It will be appreciated that the program code constituting this
software may be supplied as a separate product, embodied in a
computer-readable medium such as a diskette or an electronic
transmission sent to a system operator for example, for loading in
servers 20, 21 to configure the servers to operate as described.
Operation of servers 20 and 21 utilizes various data stored in
databases 7 to 12 as will now be described.
[0048] Product ID server 21 uses databases 10, 11 and 12 in
analyzing a received web page. This analysis is performed to select
one or more product classes, represented in the product
classification database 10, to which the subject matter of the web
page relates. The product classification database stores data
representing a generally hierarchical product classification system
defining multiple product classes organized in a hierarchical
fashion. A given product class may represent a particular product
or category of products, and for each product class a set of
product data items is stored in the database, where each product
data item defines a particular attribute of the product or products
in that class. FIG. 2 is a schematic illustration of the data
structure for a portion of the classification hierarchy in one
particular example of the product classification database. Five
product classes of the hierarchy are illustrated by the blocks in
the figure. Here, the classes labeled A11 and A12 represent
respective individual products which are both members of a
particular product category represented by product class A1 in the
figure. Product classes A11 and A12 may thus be considered
"descendants" of product class A1, and conversely, class A1 may be
considered an "ancestor" of A11 and A12 in the hierarchy. Class A1
is itself a descendant of product class A, so that A1 represents a
sub-category of products in the broader category represented by A.

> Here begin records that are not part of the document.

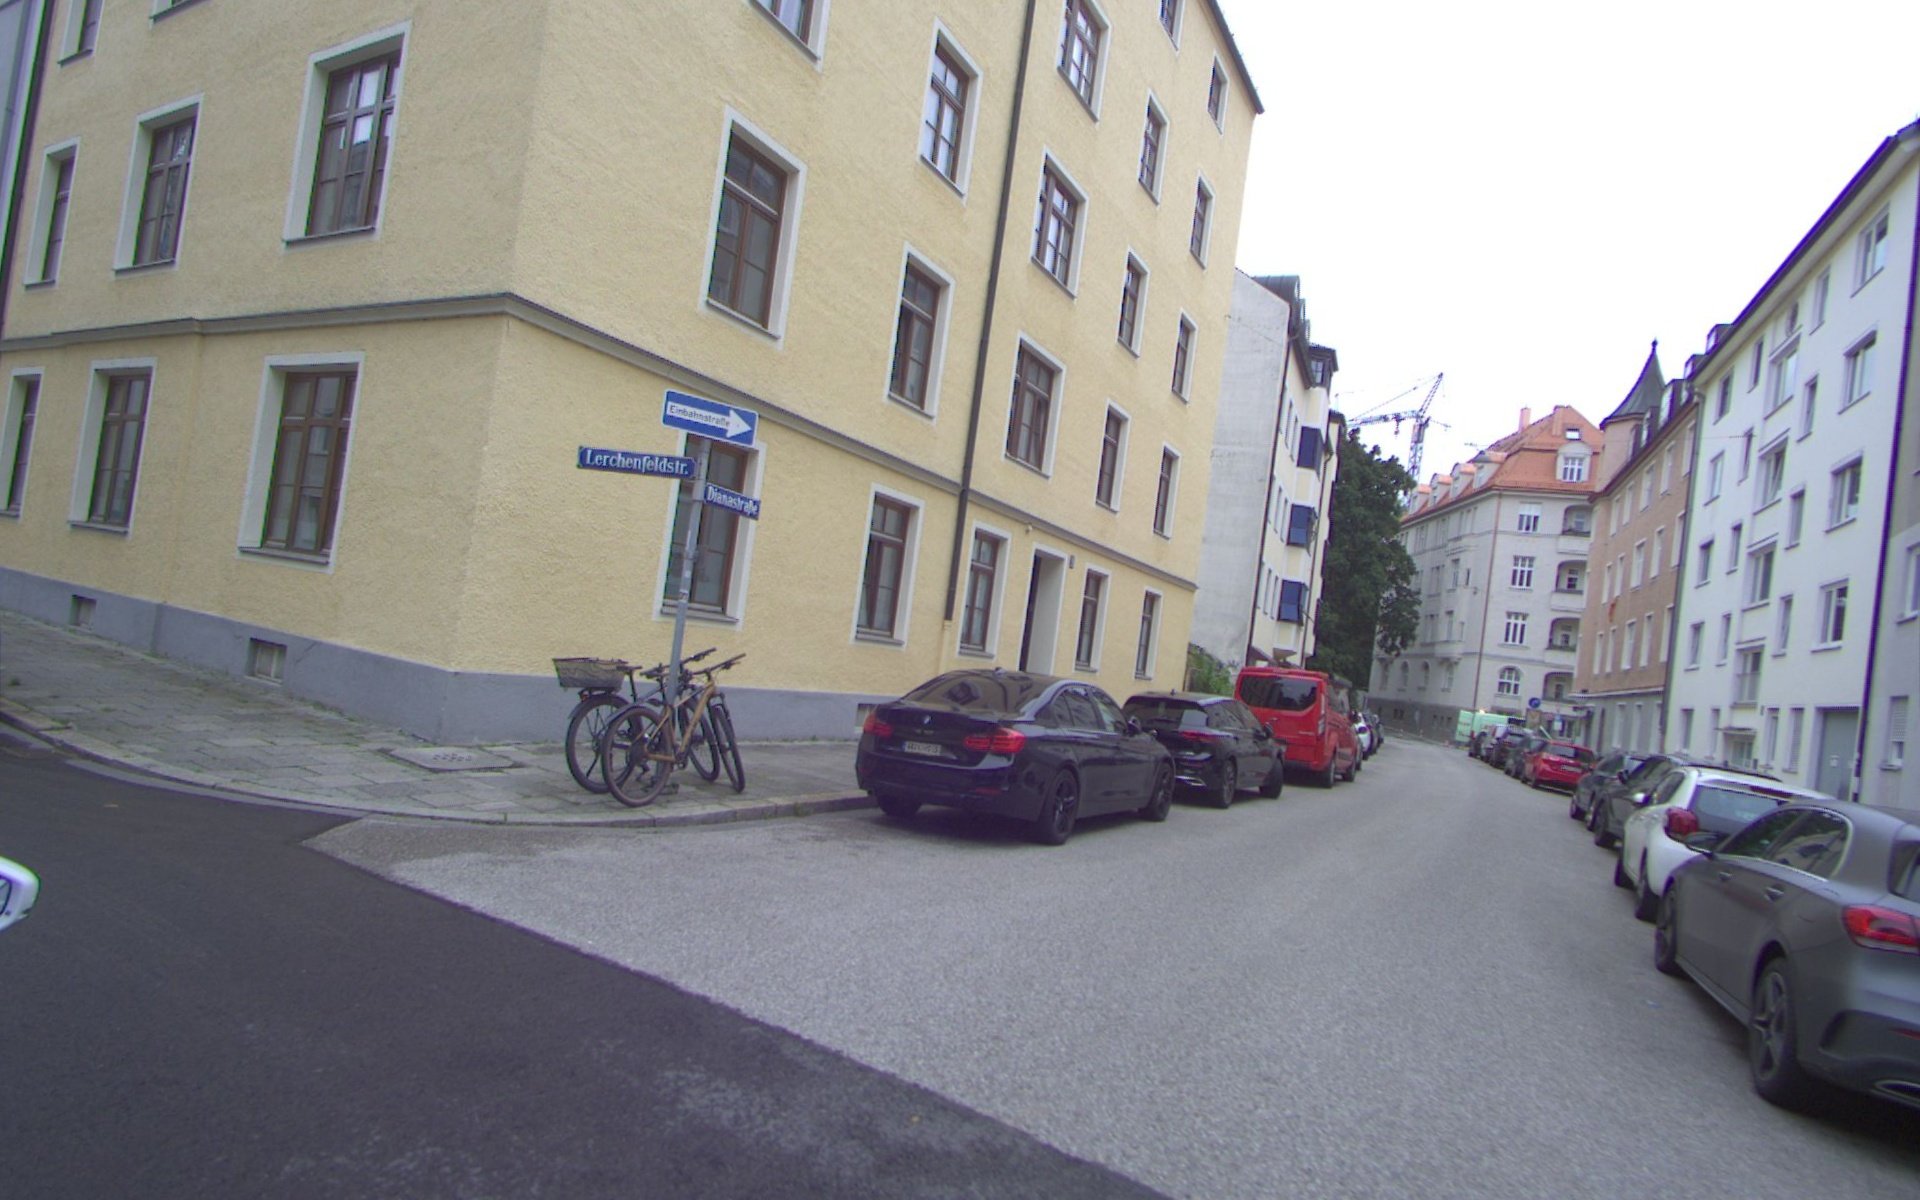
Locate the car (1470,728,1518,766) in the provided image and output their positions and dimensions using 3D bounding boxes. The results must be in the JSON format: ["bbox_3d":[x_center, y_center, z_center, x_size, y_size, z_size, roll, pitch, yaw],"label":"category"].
[{"bbox_3d":[27.479,7.553,51.857,1.705,1.531,3.888,9,-2,25],"label":"car"}]

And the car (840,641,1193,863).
[{"bbox_3d":[0.809,1.398,9.902,1.682,1.510,4.224,6,-3,29],"label":"car"}]

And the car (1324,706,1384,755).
[{"bbox_3d":[14.710,4.836,37.472,1.732,1.504,4.040,5,-4,25],"label":"car"}]

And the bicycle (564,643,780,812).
[{"bbox_3d":[-2.197,0.977,7.915,0.367,1.153,1.716,9,0,30],"label":"bicycle"}]

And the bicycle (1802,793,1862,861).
[{"bbox_3d":[17.339,4.484,20.023,0.457,1.128,1.802,7,-3,30],"label":"bicycle"}]

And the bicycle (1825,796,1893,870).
[{"bbox_3d":[16.455,4.243,18.448,0.457,1.128,1.802,7,-3,30],"label":"bicycle"}]

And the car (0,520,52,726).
[{"bbox_3d":[-9.132,-0.158,7.804,4.270,1.484,1.757,7,-5,31],"label":"car"}]

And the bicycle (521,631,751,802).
[{"bbox_3d":[-2.585,0.931,8.263,0.496,1.188,1.812,9,0,29],"label":"bicycle"}]

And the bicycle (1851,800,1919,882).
[{"bbox_3d":[15.545,4.002,16.866,0.457,1.128,1.802,7,-3,30],"label":"bicycle"}]

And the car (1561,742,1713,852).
[{"bbox_3d":[12.367,3.523,18.587,1.538,1.433,3.678,9,-2,25],"label":"car"}]

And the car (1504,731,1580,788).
[{"bbox_3d":[20.194,5.503,35.044,1.705,1.531,3.888,9,-2,25],"label":"car"}]

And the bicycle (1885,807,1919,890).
[{"bbox_3d":[14.666,3.789,15.249,0.457,1.128,1.802,7,-3,30],"label":"bicycle"}]

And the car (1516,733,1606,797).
[{"bbox_3d":[17.958,4.903,30.203,1.705,1.433,3.678,9,-2,25],"label":"car"}]

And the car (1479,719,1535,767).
[{"bbox_3d":[25.221,6.553,46.490,1.705,1.812,4.113,9,-2,25],"label":"car"}]

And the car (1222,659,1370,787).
[{"bbox_3d":[6.830,2.446,20.125,1.876,2.074,4.555,4,-4,29],"label":"car"}]

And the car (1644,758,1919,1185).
[{"bbox_3d":[5.274,1.838,5.429,1.965,1.415,4.216,9,-1,28],"label":"car"}]

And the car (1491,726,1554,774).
[{"bbox_3d":[23.092,6.133,41.425,1.705,1.531,3.888,9,-2,25],"label":"car"}]

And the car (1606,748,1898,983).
[{"bbox_3d":[7.535,2.405,9.911,1.540,1.452,3.353,12,0,30],"label":"car"}]

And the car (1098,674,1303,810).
[{"bbox_3d":[3.603,2.017,14.525,1.683,1.510,3.985,4,-4,31],"label":"car"}]

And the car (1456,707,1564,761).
[{"bbox_3d":[36.164,8.815,66.388,5.885,2.572,2.002,6,-4,26],"label":"car"}]

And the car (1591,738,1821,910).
[{"bbox_3d":[10.026,2.912,13.834,1.538,1.544,3.676,12,0,25],"label":"car"}]

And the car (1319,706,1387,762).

Class A, which may itself be a descendent of a class in a higher
level of the hierarchy, may have a number of other descendent
classes such as A2 shown in the figure, and each of these
descendent classes may, like A1, have its own descendent classes.
Thus, every product class is cross-referenced in the data structure
with its particular ancestor and/or descendant classes as
appropriate. Each individual product class is referenced in the
data structure by a class ID, and a set of one or more product data
items, referred to hereinafter as "properties" P, may be stored
against each class ID. Such properties may define various
attributes of products, from a simple name of a product or product
category, to more detailed aspects such as particular product
features and components, supplier details, etc. (Note that the
class ID may be an abstract reference, so that at least one
property, descriptive of the product or products in a class, may be
stored as a product data item for each class. However, where the
class ID is itself a descriptor for product(s) in the class, this
may be considered to be a product data item for the purposes of the
annotation method, and there need not necessarily be additional
properties stored against such a class ID in all cases).
[0049] According to one embodiment of the invention, properties P
may be expressed as <name,value> pairs so that, for example,
a property <battery, cadmium> may be stored where product(s)
in the class require cadmium batteries. In general, for a class
representing a category of products, properties common to all
descendent classes may be stored as properties for that class.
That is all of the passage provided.